LinkedSpending [6] transforms the datasets available in the OS platform into the semantic format by following DCV specificationFootnote 15. There are several components collected, developed and integrated by the LinkedSpending platform, such as ontologies, datasets transformation application, datastore, error handler, web-based datasets browser and LinkedSpending-OS data synchronization tool. After conversion, the datasets can be browsed using faceted search, visualized using CubeVizFootnote 16 or queried using SPARQL. While LinkedSpending has provided the semantic layer and added necessary synchronizer to fetch and convert budget and spending datasets from OS, some other requirements for a semantic budgets and spending platform have not been met, such as unsupported-structure datasets import.

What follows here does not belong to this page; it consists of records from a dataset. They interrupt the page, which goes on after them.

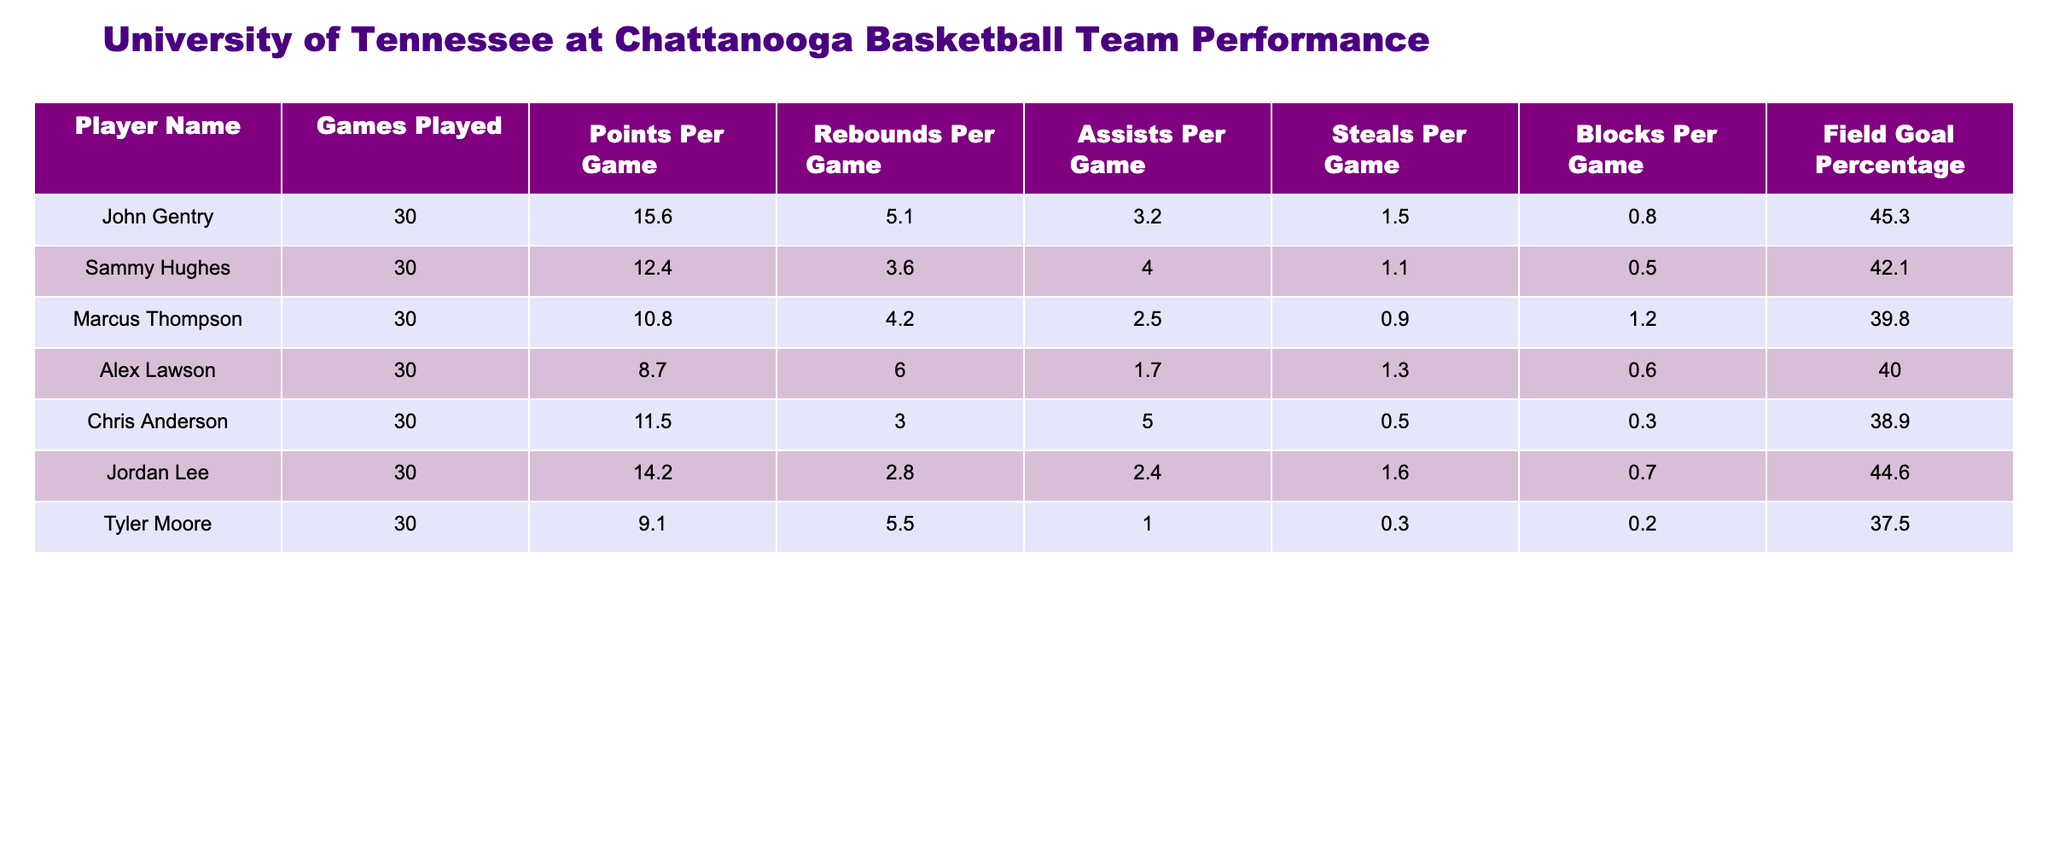What is the highest Points Per Game among the players? Looking through the "Points Per Game" column, John Gentry has the highest value at 15.6.
Answer: 15.6 What is the average number of Rebounds Per Game for the team? To find the average, sum the rebounds: (5.1 + 3.6 + 4.2 + 6.0 + 3.0 + 2.8 + 5.5) = 30.2. There are 7 players, so the average is 30.2 / 7 = 4.31.
Answer: 4.31 Did any player have a Blocks Per Game value greater than 1? By examining the "Blocks Per Game" column, only Marcus Thompson has a value of 1.2, which is greater than 1.
Answer: Yes Which player has the lowest Field Goal Percentage? In the "Field Goal Percentage" column, Tyler Moore has the lowest value at 37.5.
Answer: 37.5 What is the total number of Assists Per Game for all players? To find the total assists, add the assists: (3.2 + 4.0 + 2.5 + 1.7 + 5.0 + 2.4 + 1.0) = 20.8.
Answer: 20.8 Is John Gentry the player with the most Rebounds Per Game? Checking the "Rebounds Per Game" column, Alex Lawson has the highest value (6.0), which is greater than John Gentry's 5.1.
Answer: No What percentage of players average more than 10 Points Per Game? From the player list, John Gentry, Sammy Hughes, and Jordan Lee average more than 10, totaling 3 players. The total count is 7, so the percentage is (3 / 7) * 100 = 42.86%.
Answer: 42.86% What is the difference between the highest and lowest Points Per Game? The highest is John Gentry at 15.6 and the lowest is Marcus Thompson at 10.8. The difference is 15.6 - 10.8 = 4.8.
Answer: 4.8 Which player has the second highest average Steals Per Game? The players sorted by "Steals Per Game" show that after John Gentry (1.5), Jordan Lee has the second highest value at 1.6.
Answer: Jordan Lee

SocrataFootnote 17 provides an Open Data Portal platform intended specifically for the government on different levels (city, country, state, and federal state organizations) which includes several services: DataSpace (data storage, indexing and retrieval), Data Publishing, Data Discovery and Visualization, and Open Data API. Data supported in Socrata platform ranges from digital content (e.g., video), operational, geospatial, financial, and performance data. JunarFootnote 18 is an SaaS platform to publish Open Data in general Open Data domain. Junar offers Open Data collection, enhancement (through tables, charts, and maps), publishing (including API), sharing and analysis. OpenGovFootnote 19 offers an open data solution for public administrations, consisting of cloud-based open data publishing, visualization, financial tracking, and collaborative budget builder. WikiBudgetsFootnote 20 is an interactive visualization tool for open budget data. In contrast with OBEU platform, we are working specifically for public budget and spending platform with a strong emphasis on linked data. The implementation for the OBEU platform can be done independently if the public administrators have technical resources, since most of the tools utilized in the OBEU platform are documented and freely available, including the source code.

7 Conclusion

Through OpenBudgets.eu, a conceptual architecture and implementation of a budget and spending data platform are provided with the goal of simplifying the life cycle of such data. This implementation addresses the challenges and satisfies requirements related to the demanding open data life cycle. It integrates available relevant components and platforms in a micro-services architecture and extends them with extra tools providing additional linked data capabilities. The platform has been evaluated with real application scenarios, usability and performance tests. It is currently ready as an open source product that can be exploited by municipalities and easily re-deployed in various contexts.